Her daughters Sharon and Rebecca survive her.
Paul Bailey writes: I have many happy memories of Bernice Rubens, my good friend of 24 years, but the happiest is also one of the earliest. We were in Leicester, where we'd recently met, on a tour for the Arts Council.
One day we were invited to talk to sixth-form students at a school in the city. We were met by two teachers, a man and a woman, who charmed us by asking: "Should we know your work?" We giggled, I remember, and mumbled something along the lines of: "Well ... " or: "If you want to." The man took me into a classroom, where I talked about Jane Austen.
Every so often, I heard laughter from the adjoining room, where Bernice was obviously entertaining the boys and girls. It transpired that the teacher had introduced Bernice as Denise Robins, the blue-rinsed queen of slush who was Barbara Cartland's only serious rival.
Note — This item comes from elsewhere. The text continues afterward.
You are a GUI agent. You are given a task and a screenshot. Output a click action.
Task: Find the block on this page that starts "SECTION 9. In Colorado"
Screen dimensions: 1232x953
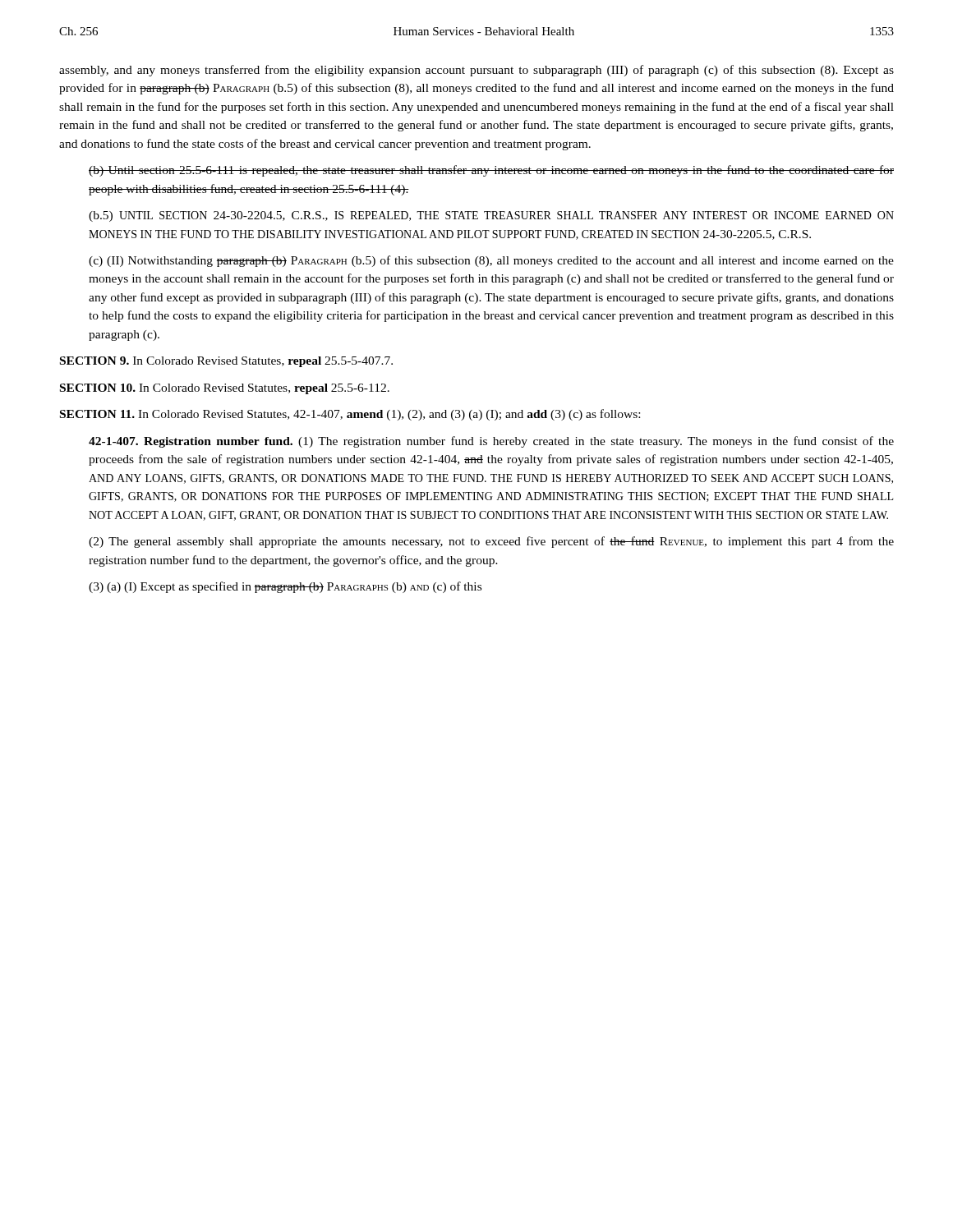pos(226,362)

Instead of being outraged, Bernice pretended to be Denise for an entire hour. When a girl asked: "How do you work, Miss Robins?" Bernice/Denise retorted: "Very quickly." Our friendship was lastingly sealed that afternoon.
Claire Armitstead writes: At this year's Hay Festival, Bernice Rubens was on fighting form. "Have you actually read my book?" she asked, fixing me with a beady eye as we made our way to the marquee in which we were to discuss her novel The Sergeant's Tale. "Of course," I stammered, with the slightly guilty knowledge that I had galloped through it overnight. "Oh, I don't mind if you haven't," she replied. "It's just easier if I know."
On stage, she was witty, candid, shrewd - and never more so than when a woman in the audience asked if she felt dissatisfied with any of her books. Yes there was one, she recalled, which she wrote just after the breakup of her marriage. "It was good therapy for me, but a rotten novel. You should always write in yesterday's blood." I, for one, won't forget that pearl of hard-won wisdom.
· Bernice Rubens, writer, born July 26 1928; died October 13 2004.